Records from a collection>
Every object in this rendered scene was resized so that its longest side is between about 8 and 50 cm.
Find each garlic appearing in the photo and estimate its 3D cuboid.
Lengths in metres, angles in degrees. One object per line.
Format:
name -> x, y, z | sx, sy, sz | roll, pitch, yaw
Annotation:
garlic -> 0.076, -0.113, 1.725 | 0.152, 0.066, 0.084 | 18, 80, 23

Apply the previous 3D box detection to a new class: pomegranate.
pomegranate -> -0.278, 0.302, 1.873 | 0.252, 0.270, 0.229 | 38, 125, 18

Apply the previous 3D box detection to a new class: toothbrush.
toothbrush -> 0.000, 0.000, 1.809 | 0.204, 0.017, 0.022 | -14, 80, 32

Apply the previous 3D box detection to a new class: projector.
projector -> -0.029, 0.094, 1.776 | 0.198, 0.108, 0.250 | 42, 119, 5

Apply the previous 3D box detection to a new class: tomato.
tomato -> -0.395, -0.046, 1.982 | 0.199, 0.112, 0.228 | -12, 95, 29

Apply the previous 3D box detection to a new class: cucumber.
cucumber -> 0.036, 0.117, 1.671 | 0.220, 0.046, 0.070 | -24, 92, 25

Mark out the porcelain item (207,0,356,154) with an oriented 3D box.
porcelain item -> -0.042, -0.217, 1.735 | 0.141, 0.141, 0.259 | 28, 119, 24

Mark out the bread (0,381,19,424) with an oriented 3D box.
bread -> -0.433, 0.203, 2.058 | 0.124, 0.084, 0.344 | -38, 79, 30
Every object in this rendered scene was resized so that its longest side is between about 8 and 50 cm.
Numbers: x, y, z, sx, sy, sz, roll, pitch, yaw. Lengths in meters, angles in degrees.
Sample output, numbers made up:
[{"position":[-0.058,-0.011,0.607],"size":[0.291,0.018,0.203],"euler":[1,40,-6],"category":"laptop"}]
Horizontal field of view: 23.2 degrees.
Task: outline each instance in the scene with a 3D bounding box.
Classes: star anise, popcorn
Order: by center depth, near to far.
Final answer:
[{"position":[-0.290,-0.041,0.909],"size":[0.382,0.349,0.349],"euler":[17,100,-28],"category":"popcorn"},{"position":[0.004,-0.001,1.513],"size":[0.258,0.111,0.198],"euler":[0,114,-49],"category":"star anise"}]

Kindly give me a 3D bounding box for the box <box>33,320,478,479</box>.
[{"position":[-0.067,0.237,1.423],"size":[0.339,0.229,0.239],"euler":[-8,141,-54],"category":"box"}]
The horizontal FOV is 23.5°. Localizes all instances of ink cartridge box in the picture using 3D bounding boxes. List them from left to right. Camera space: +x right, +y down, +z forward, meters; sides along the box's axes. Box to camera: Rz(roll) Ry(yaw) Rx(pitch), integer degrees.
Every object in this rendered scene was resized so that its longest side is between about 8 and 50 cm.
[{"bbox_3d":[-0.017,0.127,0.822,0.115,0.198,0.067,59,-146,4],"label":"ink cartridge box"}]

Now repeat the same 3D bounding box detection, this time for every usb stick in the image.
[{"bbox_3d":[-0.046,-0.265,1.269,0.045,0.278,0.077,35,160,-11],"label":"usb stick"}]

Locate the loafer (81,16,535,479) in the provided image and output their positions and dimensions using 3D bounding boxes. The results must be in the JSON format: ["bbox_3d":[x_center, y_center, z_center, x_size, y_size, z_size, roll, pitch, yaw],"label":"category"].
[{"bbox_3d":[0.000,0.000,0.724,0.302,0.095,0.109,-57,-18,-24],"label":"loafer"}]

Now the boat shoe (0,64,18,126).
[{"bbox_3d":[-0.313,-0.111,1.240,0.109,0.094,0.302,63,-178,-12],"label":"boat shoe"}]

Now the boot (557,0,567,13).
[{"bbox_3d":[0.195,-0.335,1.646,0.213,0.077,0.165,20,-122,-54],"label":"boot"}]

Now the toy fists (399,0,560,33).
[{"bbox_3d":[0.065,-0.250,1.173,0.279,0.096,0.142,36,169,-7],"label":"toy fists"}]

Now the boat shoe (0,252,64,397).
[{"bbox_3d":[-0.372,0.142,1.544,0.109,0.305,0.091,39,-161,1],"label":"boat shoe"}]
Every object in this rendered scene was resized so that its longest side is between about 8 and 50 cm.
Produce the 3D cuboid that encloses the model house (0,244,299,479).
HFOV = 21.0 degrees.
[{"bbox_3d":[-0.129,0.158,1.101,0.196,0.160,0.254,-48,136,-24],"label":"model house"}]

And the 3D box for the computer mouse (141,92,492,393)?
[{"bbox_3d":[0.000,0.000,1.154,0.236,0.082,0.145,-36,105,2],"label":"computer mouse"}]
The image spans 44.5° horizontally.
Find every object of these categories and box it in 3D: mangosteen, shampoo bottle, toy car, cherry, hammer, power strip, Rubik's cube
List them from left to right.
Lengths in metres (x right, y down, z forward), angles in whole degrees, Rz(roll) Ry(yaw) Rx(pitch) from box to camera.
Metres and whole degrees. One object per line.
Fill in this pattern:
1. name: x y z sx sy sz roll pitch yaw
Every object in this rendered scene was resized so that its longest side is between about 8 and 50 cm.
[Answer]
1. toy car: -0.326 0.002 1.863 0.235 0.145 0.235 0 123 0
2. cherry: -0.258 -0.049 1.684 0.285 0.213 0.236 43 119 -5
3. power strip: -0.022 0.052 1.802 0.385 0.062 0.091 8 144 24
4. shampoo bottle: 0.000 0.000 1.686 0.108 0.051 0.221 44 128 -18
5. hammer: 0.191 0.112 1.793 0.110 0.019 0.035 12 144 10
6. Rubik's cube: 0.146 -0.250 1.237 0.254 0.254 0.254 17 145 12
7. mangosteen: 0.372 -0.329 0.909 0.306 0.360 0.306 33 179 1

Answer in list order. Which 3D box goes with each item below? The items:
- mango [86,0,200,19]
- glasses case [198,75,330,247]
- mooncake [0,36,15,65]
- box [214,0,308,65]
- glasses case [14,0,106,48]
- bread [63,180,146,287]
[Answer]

Your goal> The records above need to be retyped exactly.

Completed exercise>
Every object in this rendered scene was resized so that its longest side is between about 8 and 50 cm.
Find each garlic appearing in the photo and estimate its 3D cuboid.
Lengths in metres, angles in degrees. One object per line.
Format:
name -> x, y, z | sx, sy, sz | roll, pitch, yaw
Annotation:
garlic -> 0.076, -0.113, 1.725 | 0.152, 0.066, 0.084 | 18, 80, 23

Apply the previous 3D box detection to a new class: pomegranate.
pomegranate -> -0.278, 0.302, 1.873 | 0.252, 0.270, 0.229 | 38, 125, 18

Apply the previous 3D box detection to a new class: toothbrush.
toothbrush -> 0.000, 0.000, 1.809 | 0.204, 0.017, 0.022 | -14, 80, 32

Apply the previous 3D box detection to a new class: projector.
projector -> -0.029, 0.094, 1.776 | 0.198, 0.108, 0.250 | 42, 119, 5

Apply the previous 3D box detection to a new class: tomato.
tomato -> -0.395, -0.046, 1.982 | 0.199, 0.112, 0.228 | -12, 95, 29

Apply the previous 3D box detection to a new class: cucumber.
cucumber -> 0.036, 0.117, 1.671 | 0.220, 0.046, 0.070 | -24, 92, 25

Mark out the porcelain item (207,0,356,154) with an oriented 3D box.
porcelain item -> -0.042, -0.217, 1.735 | 0.141, 0.141, 0.259 | 28, 119, 24

Mark out the bread (0,381,19,424) with an oriented 3D box.
bread -> -0.433, 0.203, 2.058 | 0.124, 0.084, 0.344 | -38, 79, 30
Every object in this rendered scene was resized so that its longest side is between about 8 and 50 cm.
Numbers: x, y, z, sx, sy, sz, roll, pitch, yaw. Lengths in meters, angles in degrees.
Sample output, numbers made up:
[{"position":[-0.058,-0.011,0.607],"size":[0.291,0.018,0.203],"euler":[1,40,-6],"category":"laptop"}]
Horizontal field of view: 23.2 degrees.
Task: outline each instance in the scene with a 3D bounding box.
Classes: star anise, popcorn
Order: by center depth, near to far.
Final answer:
[{"position":[-0.290,-0.041,0.909],"size":[0.382,0.349,0.349],"euler":[17,100,-28],"category":"popcorn"},{"position":[0.004,-0.001,1.513],"size":[0.258,0.111,0.198],"euler":[0,114,-49],"category":"star anise"}]

Kindly give me a 3D bounding box for the box <box>33,320,478,479</box>.
[{"position":[-0.067,0.237,1.423],"size":[0.339,0.229,0.239],"euler":[-8,141,-54],"category":"box"}]
The horizontal FOV is 23.5°. Localizes all instances of ink cartridge box in the picture using 3D bounding boxes. List them from left to right. Camera space: +x right, +y down, +z forward, meters; sides along the box's axes. Box to camera: Rz(roll) Ry(yaw) Rx(pitch), integer degrees.
Every object in this rendered scene was resized so that its longest side is between about 8 and 50 cm.
[{"bbox_3d":[-0.017,0.127,0.822,0.115,0.198,0.067,59,-146,4],"label":"ink cartridge box"}]

Now repeat the same 3D bounding box detection, this time for every usb stick in the image.
[{"bbox_3d":[-0.046,-0.265,1.269,0.045,0.278,0.077,35,160,-11],"label":"usb stick"}]

Locate the loafer (81,16,535,479) in the provided image and output their positions and dimensions using 3D bounding boxes. The results must be in the JSON format: ["bbox_3d":[x_center, y_center, z_center, x_size, y_size, z_size, roll, pitch, yaw],"label":"category"].
[{"bbox_3d":[0.000,0.000,0.724,0.302,0.095,0.109,-57,-18,-24],"label":"loafer"}]

Now the boat shoe (0,64,18,126).
[{"bbox_3d":[-0.313,-0.111,1.240,0.109,0.094,0.302,63,-178,-12],"label":"boat shoe"}]

Now the boot (557,0,567,13).
[{"bbox_3d":[0.195,-0.335,1.646,0.213,0.077,0.165,20,-122,-54],"label":"boot"}]

Now the toy fists (399,0,560,33).
[{"bbox_3d":[0.065,-0.250,1.173,0.279,0.096,0.142,36,169,-7],"label":"toy fists"}]

Now the boat shoe (0,252,64,397).
[{"bbox_3d":[-0.372,0.142,1.544,0.109,0.305,0.091,39,-161,1],"label":"boat shoe"}]
Every object in this rendered scene was resized so that its longest side is between about 8 and 50 cm.
Produce the 3D cuboid that encloses the model house (0,244,299,479).
HFOV = 21.0 degrees.
[{"bbox_3d":[-0.129,0.158,1.101,0.196,0.160,0.254,-48,136,-24],"label":"model house"}]

And the 3D box for the computer mouse (141,92,492,393)?
[{"bbox_3d":[0.000,0.000,1.154,0.236,0.082,0.145,-36,105,2],"label":"computer mouse"}]
The image spans 44.5° horizontally.
Find every object of these categories and box it in 3D: mangosteen, shampoo bottle, toy car, cherry, hammer, power strip, Rubik's cube
List them from left to right.
Lengths in metres (x right, y down, z forward), angles in whole degrees, Rz(roll) Ry(yaw) Rx(pitch) from box to camera.
Metres and whole degrees. One object per line.
Fill in this pattern:
1. name: x y z sx sy sz roll pitch yaw
Every object in this rendered scene was resized so that its longest side is between about 8 and 50 cm.
[Answer]
1. toy car: -0.326 0.002 1.863 0.235 0.145 0.235 0 123 0
2. cherry: -0.258 -0.049 1.684 0.285 0.213 0.236 43 119 -5
3. power strip: -0.022 0.052 1.802 0.385 0.062 0.091 8 144 24
4. shampoo bottle: 0.000 0.000 1.686 0.108 0.051 0.221 44 128 -18
5. hammer: 0.191 0.112 1.793 0.110 0.019 0.035 12 144 10
6. Rubik's cube: 0.146 -0.250 1.237 0.254 0.254 0.254 17 145 12
7. mangosteen: 0.372 -0.329 0.909 0.306 0.360 0.306 33 179 1

Answer in list order. Which 3D box goes with each item below? The items:
- mango [86,0,200,19]
- glasses case [198,75,330,247]
- mooncake [0,36,15,65]
- box [214,0,308,65]
- glasses case [14,0,106,48]
- bread [63,180,146,287]
[Answer]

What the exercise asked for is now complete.